Category	Invariant	Bypass Angles
`approval`	Dangerous tools require an in-scope `approve` with the right label and arity.	Direct dangerous calls, wrong approval scope, wrong approval label or arity.
`trust`	`@trust(autonomous)` cannot call `human_required` or `supervisor_required` effects.	Hide high-trust effects behind helper agents or renamed effects.
`budget`	`@budget` checks worst-case composed cost before runtime.	Split work across tools or helpers so total cost appears smaller.
`provenance`	`Grounded<T>` returns require a retrieval provenance chain.	Fabricate `Grounded<T>` from non-retrieval tools or aliases.
`reversibility`	`@reversible` excludes any call chain containing irreversible effects.	Hide `reversible: false` under neutral tool names or wrapper agents.
`confidence`	`@min_confidence` composes by minimum, not mean.	Mix strong and weak sources and rely on averaging intuition.

Generator Contract

The prompt asks a model to return JSONL objects with:

{"category":"approval","title":"direct dangerous call","source":"...complete .cor program..."}

Each source must be a complete program and must attempt exactly one bypass.
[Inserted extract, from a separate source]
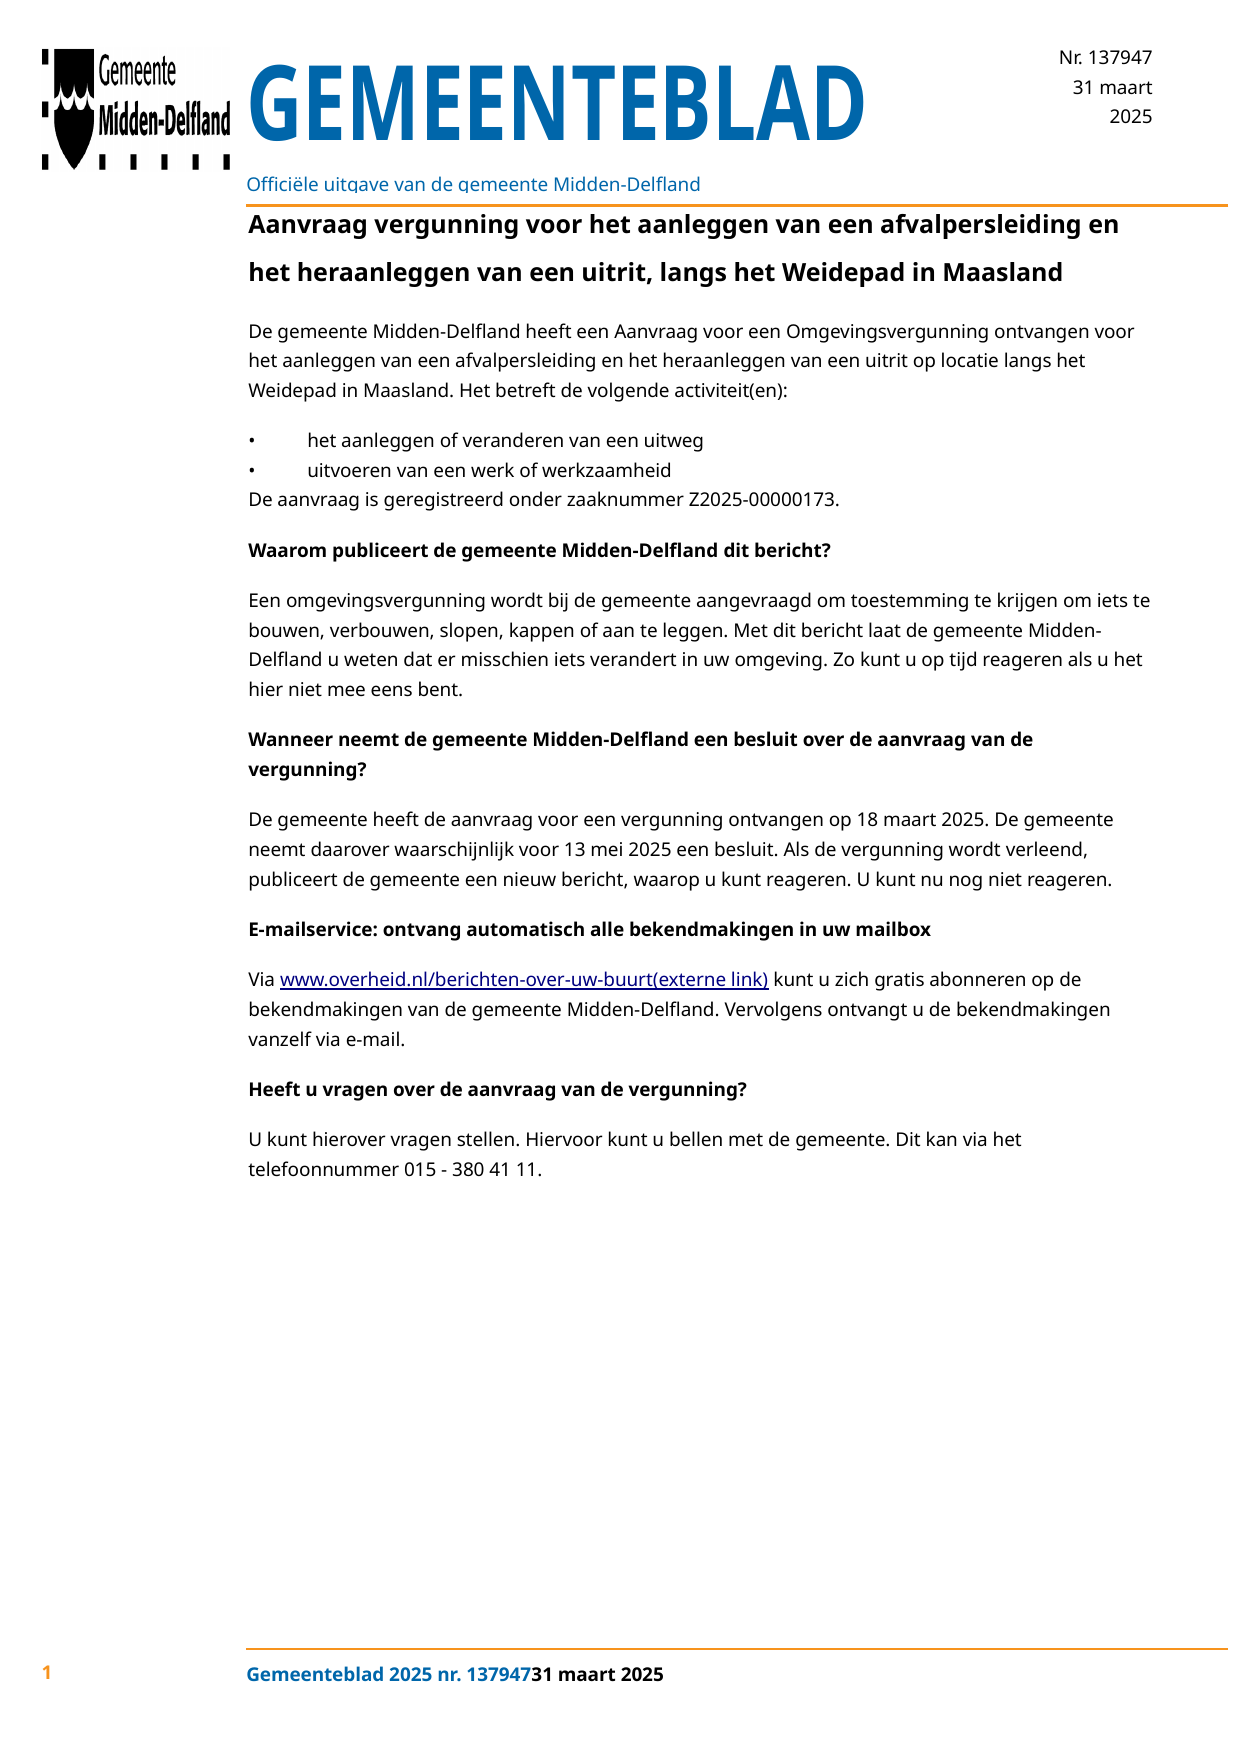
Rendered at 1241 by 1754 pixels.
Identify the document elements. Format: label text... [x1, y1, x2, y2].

The classifier treats every generated program as an expected rejection. If the compiler accepts one, the row is marked ESCAPED; that is either a compiler safety bug or an invalid generator prompt that must be reclassified before release.

Issue Filing

Set both environment variables to file escaped bypasses directly:

CORVID_ADVERSARIAL_FILE_ISSUES=1
GITHUB_TOKEN=...
corvid test adversarial --count 100 --model opus

Without those variables the command remains offline and CI-safe. Escapes still exit non-zero; they are not silently ignored.